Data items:

/---

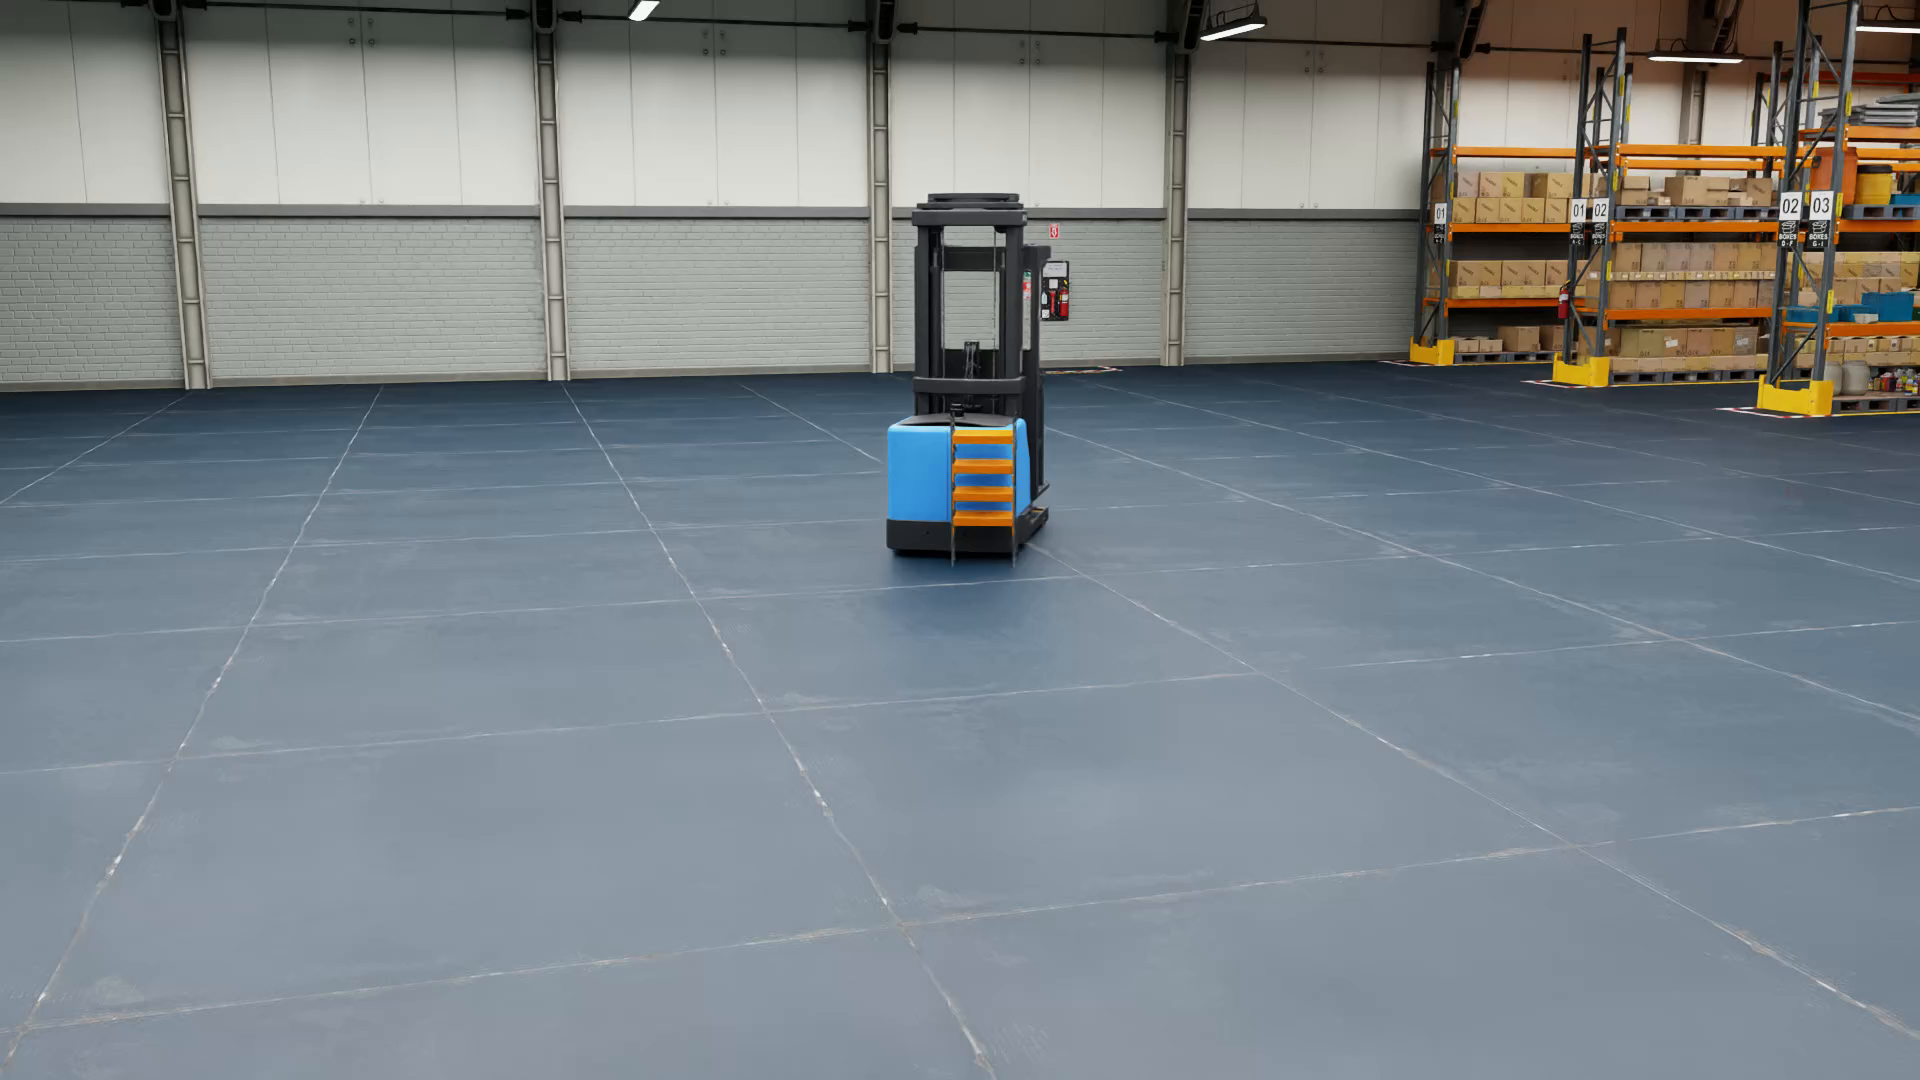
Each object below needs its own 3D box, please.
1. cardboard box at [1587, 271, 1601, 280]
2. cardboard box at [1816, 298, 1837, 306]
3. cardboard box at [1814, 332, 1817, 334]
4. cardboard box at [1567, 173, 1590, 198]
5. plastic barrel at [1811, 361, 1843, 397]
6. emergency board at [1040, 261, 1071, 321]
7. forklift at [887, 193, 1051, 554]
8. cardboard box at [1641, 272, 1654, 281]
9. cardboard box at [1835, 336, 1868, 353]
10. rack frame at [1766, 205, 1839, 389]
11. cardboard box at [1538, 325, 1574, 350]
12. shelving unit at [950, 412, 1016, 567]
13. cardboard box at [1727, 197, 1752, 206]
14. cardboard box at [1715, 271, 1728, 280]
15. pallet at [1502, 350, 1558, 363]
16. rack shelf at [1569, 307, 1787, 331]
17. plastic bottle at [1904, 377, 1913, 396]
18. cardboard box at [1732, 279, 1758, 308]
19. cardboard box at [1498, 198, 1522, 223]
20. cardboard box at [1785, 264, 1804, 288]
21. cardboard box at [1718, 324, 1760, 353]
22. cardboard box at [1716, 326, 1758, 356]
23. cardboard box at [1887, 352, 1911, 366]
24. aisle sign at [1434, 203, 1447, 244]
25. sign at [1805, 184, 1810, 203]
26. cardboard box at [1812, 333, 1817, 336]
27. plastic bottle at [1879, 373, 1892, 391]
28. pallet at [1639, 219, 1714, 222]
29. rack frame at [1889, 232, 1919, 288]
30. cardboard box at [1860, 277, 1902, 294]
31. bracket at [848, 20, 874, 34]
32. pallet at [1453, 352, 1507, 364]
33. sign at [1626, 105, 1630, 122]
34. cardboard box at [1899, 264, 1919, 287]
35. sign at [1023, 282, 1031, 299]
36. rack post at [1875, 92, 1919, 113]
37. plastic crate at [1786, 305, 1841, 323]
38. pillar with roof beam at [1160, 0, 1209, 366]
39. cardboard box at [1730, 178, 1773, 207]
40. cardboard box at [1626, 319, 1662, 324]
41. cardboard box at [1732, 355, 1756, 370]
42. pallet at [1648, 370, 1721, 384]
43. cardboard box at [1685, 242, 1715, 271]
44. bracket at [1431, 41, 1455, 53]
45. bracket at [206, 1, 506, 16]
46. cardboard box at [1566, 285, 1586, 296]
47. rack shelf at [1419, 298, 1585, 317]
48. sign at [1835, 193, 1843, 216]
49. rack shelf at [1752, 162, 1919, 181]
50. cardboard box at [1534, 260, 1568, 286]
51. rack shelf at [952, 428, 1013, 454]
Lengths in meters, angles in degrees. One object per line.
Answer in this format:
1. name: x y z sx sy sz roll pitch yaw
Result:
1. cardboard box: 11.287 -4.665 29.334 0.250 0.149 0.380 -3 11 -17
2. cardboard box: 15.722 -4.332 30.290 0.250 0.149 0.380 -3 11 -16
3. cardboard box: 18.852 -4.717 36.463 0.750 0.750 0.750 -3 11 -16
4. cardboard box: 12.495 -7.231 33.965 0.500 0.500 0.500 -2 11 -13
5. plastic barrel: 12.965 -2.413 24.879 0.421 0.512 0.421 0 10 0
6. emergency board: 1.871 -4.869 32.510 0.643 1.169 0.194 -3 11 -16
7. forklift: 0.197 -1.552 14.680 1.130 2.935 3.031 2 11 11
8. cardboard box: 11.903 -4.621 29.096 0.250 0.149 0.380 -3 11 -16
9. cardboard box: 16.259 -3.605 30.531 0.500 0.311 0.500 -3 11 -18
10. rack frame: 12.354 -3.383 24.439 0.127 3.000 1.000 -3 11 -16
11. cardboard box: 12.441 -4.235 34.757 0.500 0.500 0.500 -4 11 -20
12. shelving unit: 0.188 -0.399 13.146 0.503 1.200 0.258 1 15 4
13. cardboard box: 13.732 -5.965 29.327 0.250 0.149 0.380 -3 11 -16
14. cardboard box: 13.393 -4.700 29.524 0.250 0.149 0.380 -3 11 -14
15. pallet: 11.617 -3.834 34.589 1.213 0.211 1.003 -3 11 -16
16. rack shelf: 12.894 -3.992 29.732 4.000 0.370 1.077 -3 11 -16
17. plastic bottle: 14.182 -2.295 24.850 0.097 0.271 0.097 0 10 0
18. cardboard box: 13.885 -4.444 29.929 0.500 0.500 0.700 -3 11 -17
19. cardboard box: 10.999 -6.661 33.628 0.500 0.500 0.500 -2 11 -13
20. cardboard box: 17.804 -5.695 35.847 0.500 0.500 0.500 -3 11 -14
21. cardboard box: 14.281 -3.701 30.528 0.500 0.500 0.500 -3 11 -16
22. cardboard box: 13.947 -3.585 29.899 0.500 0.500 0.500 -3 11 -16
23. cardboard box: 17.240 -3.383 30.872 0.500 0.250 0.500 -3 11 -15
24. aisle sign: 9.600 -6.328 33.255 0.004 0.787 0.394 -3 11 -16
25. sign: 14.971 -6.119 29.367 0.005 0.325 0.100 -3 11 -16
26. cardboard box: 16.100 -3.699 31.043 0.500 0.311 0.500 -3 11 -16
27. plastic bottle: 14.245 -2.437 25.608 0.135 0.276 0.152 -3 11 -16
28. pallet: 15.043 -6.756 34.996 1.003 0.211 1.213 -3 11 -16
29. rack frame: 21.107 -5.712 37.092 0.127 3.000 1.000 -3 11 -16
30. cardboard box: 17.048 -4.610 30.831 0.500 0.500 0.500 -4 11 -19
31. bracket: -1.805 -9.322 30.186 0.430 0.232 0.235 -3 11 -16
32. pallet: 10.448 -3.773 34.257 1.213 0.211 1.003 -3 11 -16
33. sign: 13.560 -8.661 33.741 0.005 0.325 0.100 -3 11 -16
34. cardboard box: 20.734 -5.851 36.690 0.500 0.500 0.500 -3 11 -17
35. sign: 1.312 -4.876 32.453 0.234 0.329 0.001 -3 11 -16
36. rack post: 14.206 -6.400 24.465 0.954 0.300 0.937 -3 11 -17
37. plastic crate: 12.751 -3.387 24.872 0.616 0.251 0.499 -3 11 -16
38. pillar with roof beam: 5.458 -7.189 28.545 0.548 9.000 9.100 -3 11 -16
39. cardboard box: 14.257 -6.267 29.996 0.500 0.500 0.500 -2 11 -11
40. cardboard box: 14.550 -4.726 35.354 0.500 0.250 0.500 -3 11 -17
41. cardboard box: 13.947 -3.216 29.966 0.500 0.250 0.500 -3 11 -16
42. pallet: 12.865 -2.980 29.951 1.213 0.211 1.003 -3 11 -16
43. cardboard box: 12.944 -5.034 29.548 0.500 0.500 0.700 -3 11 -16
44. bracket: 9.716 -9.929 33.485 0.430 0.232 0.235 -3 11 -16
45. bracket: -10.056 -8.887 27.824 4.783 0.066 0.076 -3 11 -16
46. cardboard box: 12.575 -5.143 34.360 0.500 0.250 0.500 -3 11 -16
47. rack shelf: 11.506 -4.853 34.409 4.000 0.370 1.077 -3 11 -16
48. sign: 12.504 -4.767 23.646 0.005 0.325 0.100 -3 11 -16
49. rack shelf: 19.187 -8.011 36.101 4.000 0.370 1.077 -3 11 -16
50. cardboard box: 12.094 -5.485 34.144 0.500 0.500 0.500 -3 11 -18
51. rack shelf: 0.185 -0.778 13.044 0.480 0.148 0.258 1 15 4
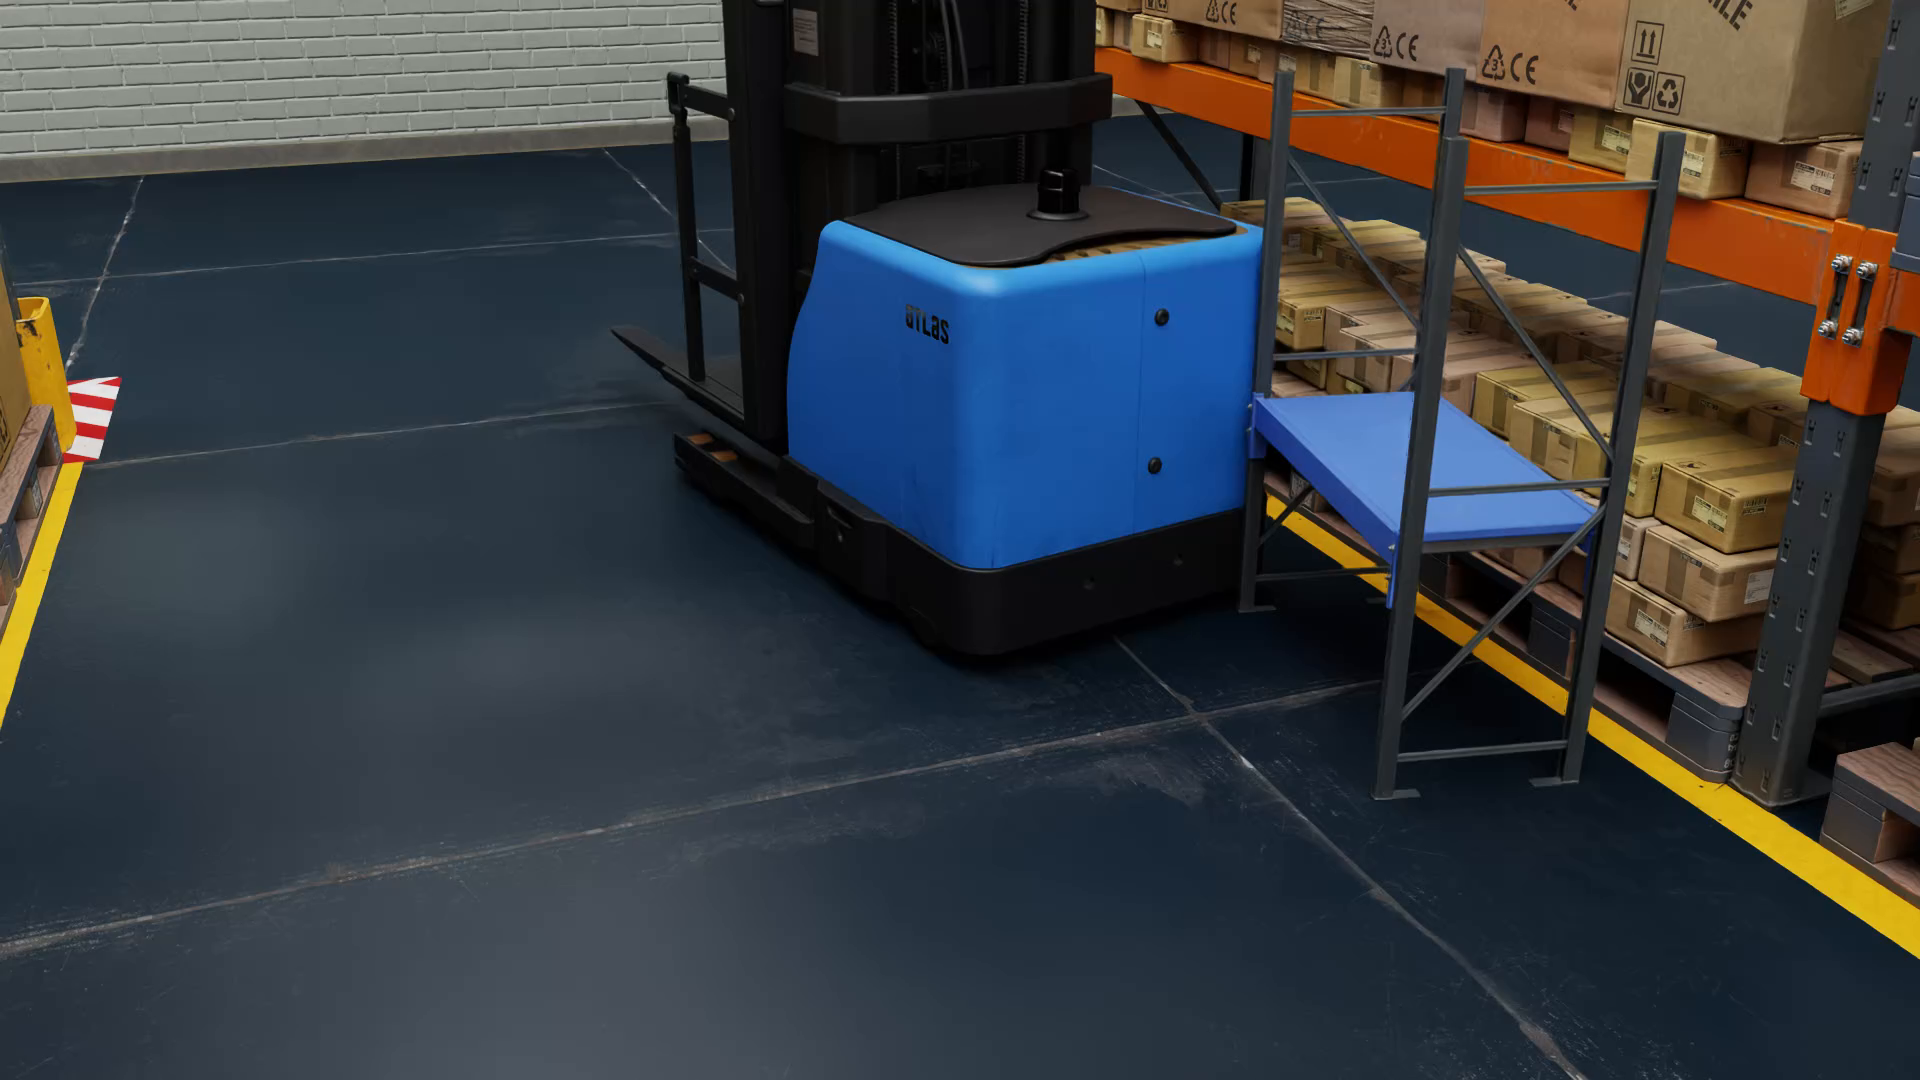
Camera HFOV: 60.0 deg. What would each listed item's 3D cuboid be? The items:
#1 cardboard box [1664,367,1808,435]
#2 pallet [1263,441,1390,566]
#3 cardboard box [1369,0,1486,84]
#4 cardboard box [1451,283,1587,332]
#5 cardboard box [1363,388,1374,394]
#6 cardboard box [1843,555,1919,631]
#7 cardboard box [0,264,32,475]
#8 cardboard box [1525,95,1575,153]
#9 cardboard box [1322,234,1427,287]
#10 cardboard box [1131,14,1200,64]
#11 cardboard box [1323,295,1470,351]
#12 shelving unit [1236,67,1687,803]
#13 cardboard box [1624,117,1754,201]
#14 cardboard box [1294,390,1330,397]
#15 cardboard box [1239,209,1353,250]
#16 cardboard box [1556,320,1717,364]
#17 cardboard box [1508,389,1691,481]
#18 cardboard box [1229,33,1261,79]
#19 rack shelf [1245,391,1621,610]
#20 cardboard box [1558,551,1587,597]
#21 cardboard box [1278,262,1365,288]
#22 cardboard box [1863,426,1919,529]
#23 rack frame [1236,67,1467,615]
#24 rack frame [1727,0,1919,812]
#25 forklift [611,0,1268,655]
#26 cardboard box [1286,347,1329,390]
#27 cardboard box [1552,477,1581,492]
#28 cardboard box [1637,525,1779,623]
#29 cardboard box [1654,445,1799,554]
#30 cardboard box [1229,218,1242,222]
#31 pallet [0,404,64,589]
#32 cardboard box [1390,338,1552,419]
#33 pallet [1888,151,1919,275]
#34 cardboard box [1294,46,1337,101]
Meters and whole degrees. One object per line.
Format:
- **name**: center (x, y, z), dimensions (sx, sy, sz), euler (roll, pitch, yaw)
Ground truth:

\---

** What you should do **
Give back, unchanged, the line that holds "#30 cardboard box [1229,218,1242,222]" along with all lines after it through the last line above.

** Response **
#30 cardboard box [1229,218,1242,222]
#31 pallet [0,404,64,589]
#32 cardboard box [1390,338,1552,419]
#33 pallet [1888,151,1919,275]
#34 cardboard box [1294,46,1337,101]
Meters and whole degrees. One object per line.
Format:
- **name**: center (x, y, z), dimensions (sx, sy, sz), euler (roll, pitch, yaw)
Ground truth:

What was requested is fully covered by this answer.